Caisson disease is a complex of symptoms formed by the formation of gas bubbles in blood vessels and tissues against the background of a rapid decrease in atmospheric pressure. Pathology can be acute or chronic. It is manifested by pain in the joints, muscles, Meniere’s syndrome, dyspepsia, signs of central nervous system damage, acute pulmonary and cardiovascular insufficiency. When making a diagnosis, anamnestic data and the results of an objective examination are used, radiography, ultrasound, MRI, CT are used to assess the condition of various organs. Treatment – recompression followed by slow decompression, symptomatic drug therapy.
ICD 10
T70.3 Caisson disease [decompression sickness]
Meaning
Caisson disease (decompression sickness, DCS) is a complex of changes that develop during the transition from high atmospheric pressure to normal, less often from normal to low. The pathology got its name from the word “caisson”, denoting a chamber created in the 40s of the XIX century and intended for work under water or in conditions of water-saturated soils. DCS is considered an occupational disease of submariners and specialists working in the conditions of caisson chambers, in some cases it is diagnosed in pilots. In recent years, due to the widespread use of diving, it has been detected in other groups of the population. According to statistics, the incidence of the disease is 2-4 cases per 10,000 dives.
Causes
The immediate cause of the caisson disease is a rapid decrease in atmospheric pressure when the depth of immersion in water changes, less often when the aircraft rises to a significant height. The faster the atmospheric pressure changes, the greater the risk of this pathology. Factors that increase the likelihood of developing the disease are considered:
- Aging of the body. As we age, the condition of all organs deteriorates. This causes a decrease in the compensatory capacity of the lungs and heart during the period of pressure changes.
- Hypothermia. It is accompanied by a slowdown in blood flow in peripheral vessels. Blood from distant parts of the body enters the pulmonary vessels more slowly, gas is less released from the blood physiologically.
- Dehydration. The viscosity of blood in this condition increases, which provokes a slowdown in blood circulation. When the external pressure changes, stasis occurs at the periphery, which is aggravated by the formation of bubbles blocking the lumen of the vessels.
- Physical activity. It potentiates a violation of the uniformity of blood flow, as a result of which conditions are created for the intensive dissolution of gases in the blood, followed by the appearance of “quiet” bubbles. A characteristic feature is the deposition of microbubbles in the joints and an increase in the likelihood of pathology during the following dives.
- Lipidemia, overweight. Fats have increased hydrophobicity, therefore, with their high content, bubbles form more actively. Adipose tissue cells intensively dissolve the inert gases that make up the respiratory mixtures.
- Hypercapnia. Develops with a low quality of the respiratory mixture or attempts to “save” it by holding your breath. An increase in the amount of CO2 provokes a shift of the acid-base state to the acidic side. Because of this, more inert gases are dissolved in the blood.

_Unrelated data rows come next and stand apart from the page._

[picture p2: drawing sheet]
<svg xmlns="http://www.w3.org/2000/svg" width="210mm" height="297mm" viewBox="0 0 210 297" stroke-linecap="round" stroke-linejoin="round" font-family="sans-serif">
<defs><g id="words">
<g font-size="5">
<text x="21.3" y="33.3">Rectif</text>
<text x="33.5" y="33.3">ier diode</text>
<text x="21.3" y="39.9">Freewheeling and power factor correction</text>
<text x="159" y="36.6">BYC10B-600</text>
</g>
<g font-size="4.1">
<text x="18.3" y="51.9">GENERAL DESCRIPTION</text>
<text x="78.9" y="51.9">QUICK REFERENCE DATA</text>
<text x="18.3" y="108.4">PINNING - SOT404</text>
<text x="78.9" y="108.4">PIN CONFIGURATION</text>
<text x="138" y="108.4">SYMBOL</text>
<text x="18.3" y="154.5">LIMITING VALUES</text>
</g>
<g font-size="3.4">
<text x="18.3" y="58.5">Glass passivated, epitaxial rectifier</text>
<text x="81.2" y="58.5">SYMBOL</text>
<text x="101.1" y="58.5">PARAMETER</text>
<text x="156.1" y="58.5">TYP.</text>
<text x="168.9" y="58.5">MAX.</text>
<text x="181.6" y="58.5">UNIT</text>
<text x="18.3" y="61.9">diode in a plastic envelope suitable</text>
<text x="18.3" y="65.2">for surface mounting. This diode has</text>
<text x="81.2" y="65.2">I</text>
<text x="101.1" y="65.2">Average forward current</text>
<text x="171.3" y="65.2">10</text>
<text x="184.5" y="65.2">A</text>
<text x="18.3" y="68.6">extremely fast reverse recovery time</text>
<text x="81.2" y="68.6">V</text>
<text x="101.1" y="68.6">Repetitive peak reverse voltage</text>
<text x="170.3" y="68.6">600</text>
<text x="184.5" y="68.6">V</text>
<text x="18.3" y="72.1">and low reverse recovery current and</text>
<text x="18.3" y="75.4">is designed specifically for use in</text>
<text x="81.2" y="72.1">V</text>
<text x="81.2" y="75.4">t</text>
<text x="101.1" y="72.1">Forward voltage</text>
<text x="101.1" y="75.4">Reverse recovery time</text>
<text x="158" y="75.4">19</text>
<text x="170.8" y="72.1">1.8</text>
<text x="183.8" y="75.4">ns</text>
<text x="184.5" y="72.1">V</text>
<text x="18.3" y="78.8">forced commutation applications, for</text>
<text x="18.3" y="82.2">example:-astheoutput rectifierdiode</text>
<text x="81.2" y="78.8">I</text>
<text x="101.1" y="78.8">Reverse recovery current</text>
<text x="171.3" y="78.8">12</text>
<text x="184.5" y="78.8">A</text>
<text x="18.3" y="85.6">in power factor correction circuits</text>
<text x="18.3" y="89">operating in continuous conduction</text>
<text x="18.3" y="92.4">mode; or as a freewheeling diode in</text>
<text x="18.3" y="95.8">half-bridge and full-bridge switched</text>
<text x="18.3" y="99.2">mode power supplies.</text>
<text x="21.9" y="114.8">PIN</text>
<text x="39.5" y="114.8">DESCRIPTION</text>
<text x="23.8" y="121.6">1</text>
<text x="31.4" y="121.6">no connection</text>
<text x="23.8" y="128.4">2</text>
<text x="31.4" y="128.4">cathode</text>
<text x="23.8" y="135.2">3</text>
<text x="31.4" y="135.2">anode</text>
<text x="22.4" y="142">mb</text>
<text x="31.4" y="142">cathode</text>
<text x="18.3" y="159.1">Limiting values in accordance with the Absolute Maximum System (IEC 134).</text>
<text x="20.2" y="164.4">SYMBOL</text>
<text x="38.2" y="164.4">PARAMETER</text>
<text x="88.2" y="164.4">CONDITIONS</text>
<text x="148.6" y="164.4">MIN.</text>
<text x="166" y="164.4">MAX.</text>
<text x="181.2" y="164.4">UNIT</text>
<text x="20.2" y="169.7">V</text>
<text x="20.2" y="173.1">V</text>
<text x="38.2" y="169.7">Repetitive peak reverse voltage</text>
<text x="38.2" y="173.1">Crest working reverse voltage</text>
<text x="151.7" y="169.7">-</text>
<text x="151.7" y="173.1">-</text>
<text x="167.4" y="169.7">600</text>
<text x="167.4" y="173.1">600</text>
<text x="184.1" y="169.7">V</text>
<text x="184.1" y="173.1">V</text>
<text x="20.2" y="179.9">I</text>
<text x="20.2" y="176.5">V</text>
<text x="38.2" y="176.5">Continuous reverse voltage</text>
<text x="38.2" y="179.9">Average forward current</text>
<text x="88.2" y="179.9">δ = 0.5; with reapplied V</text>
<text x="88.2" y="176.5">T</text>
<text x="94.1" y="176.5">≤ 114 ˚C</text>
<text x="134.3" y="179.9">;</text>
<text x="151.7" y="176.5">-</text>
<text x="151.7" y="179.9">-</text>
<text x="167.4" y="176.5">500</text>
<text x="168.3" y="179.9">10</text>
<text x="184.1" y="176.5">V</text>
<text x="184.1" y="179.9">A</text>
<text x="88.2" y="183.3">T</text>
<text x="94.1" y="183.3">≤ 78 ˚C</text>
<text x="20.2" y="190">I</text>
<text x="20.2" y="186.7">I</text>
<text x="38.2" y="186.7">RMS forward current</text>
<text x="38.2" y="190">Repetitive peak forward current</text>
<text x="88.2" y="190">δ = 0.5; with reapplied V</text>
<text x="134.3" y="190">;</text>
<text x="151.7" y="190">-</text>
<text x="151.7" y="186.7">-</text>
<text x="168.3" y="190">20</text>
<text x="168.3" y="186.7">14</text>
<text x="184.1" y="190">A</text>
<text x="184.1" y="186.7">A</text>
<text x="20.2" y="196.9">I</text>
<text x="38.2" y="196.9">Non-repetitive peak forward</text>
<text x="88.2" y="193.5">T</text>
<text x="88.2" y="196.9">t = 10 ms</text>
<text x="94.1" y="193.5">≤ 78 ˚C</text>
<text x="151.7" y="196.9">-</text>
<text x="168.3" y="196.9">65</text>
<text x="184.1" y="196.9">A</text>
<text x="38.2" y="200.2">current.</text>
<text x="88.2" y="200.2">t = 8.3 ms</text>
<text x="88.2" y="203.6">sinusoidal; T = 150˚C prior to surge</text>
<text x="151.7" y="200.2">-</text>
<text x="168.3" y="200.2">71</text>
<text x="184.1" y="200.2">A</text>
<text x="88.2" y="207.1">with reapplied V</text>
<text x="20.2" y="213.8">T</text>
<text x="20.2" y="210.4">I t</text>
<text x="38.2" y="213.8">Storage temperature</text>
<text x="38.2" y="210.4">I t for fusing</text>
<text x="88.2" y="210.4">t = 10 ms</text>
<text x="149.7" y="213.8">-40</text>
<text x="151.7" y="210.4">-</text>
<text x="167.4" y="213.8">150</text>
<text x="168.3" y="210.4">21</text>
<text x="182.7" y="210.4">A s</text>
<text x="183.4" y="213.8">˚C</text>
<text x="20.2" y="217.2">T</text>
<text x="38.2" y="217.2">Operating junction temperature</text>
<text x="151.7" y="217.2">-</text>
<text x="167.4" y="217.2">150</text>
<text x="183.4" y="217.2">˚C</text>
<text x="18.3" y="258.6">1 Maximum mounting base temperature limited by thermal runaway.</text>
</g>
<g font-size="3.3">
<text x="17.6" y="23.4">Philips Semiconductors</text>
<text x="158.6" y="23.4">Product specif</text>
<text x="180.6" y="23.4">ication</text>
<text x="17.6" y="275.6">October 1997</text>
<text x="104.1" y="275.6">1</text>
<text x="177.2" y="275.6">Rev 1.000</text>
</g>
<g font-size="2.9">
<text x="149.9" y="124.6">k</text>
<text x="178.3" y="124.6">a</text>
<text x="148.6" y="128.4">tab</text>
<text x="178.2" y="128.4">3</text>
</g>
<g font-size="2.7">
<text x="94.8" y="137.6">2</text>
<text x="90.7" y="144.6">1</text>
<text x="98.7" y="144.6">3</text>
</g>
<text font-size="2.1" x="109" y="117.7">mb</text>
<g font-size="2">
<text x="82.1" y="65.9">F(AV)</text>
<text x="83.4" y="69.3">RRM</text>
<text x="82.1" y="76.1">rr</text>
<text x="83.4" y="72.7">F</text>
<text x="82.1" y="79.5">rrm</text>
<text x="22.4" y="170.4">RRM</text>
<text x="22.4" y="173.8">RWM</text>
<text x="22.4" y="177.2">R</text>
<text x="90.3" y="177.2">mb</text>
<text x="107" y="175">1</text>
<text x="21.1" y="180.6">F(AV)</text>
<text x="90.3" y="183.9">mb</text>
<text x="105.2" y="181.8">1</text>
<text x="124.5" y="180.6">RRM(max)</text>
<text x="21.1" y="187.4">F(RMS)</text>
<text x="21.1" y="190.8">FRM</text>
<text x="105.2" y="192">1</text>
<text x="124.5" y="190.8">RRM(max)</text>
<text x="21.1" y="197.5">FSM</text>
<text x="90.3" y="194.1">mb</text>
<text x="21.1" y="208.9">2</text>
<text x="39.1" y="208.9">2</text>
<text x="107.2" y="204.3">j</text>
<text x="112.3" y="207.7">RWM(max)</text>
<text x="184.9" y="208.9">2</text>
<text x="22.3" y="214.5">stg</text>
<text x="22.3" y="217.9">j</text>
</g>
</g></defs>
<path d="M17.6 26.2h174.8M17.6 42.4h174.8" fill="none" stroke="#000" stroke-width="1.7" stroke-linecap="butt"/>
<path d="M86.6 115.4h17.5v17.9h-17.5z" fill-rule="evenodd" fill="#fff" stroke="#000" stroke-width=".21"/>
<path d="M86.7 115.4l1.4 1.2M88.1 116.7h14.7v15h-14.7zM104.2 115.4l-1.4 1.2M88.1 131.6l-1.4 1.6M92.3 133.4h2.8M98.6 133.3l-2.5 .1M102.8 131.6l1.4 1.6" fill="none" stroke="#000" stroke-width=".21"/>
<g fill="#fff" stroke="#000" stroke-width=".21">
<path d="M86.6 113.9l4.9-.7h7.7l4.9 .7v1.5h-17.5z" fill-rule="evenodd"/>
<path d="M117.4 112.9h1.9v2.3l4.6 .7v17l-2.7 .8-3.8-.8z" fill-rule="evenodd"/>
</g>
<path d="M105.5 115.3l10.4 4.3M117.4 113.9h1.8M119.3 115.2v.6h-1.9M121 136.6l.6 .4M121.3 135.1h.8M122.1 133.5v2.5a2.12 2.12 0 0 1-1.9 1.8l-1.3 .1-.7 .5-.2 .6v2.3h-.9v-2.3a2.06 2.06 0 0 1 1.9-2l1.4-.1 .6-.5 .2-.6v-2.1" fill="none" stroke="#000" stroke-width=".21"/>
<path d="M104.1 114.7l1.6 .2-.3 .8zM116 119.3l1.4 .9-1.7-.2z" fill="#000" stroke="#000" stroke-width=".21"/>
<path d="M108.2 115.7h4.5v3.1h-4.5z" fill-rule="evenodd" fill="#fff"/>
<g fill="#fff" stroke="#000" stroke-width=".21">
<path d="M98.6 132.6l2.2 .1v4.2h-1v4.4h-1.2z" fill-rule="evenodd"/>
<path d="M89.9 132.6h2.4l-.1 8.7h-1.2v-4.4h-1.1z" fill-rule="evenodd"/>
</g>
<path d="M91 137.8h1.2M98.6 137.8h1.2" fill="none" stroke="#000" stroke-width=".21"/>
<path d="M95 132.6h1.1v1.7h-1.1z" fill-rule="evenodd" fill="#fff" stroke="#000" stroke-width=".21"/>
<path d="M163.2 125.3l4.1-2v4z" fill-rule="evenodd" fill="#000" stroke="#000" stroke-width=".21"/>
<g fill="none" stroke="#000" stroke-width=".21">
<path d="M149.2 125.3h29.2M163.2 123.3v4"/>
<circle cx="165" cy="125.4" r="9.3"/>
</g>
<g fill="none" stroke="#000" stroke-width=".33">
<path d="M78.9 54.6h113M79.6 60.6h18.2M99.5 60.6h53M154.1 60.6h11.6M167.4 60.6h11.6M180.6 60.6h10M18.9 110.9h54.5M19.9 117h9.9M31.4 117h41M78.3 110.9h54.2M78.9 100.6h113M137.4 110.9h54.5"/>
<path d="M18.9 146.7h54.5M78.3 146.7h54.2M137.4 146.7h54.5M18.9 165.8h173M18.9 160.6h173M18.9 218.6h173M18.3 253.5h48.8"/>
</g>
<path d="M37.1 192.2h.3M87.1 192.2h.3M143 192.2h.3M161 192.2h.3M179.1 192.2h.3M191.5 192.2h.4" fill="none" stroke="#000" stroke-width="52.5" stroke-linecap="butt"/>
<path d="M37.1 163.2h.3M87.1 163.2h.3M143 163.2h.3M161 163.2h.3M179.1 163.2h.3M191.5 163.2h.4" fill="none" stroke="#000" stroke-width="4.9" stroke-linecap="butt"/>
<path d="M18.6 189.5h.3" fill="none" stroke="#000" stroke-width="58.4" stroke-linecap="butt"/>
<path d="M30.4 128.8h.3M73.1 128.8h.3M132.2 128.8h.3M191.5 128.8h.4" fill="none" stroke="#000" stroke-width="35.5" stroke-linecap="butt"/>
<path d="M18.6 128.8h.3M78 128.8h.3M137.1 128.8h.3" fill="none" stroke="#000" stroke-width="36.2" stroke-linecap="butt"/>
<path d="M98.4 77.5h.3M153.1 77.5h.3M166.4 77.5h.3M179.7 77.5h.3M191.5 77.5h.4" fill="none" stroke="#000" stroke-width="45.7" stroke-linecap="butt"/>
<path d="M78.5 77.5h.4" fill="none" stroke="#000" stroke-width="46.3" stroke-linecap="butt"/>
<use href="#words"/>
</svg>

- Alcoholic intoxication. When taking alcohol, dehydration occurs. In addition, alcohol molecules cause the connection of small bubbles into larger ones and become centers around which large bubbles form, clogging blood vessels.
Pathogenesis
At elevated pressure, the gases of the respiratory mixture, due to diffusion, dissolve in significant quantities in the blood of the capillaries of the lung tissue. When the pressure decreases, the opposite phenomenon is observed – gases “exit” from the liquid, forming bubbles. The faster the pressure changes, the more intense the reverse diffusion process becomes. With a rapid rise, the patient’s blood “boils”, the gases released form many large bubbles that can block vessels of different calibers and damage various organs.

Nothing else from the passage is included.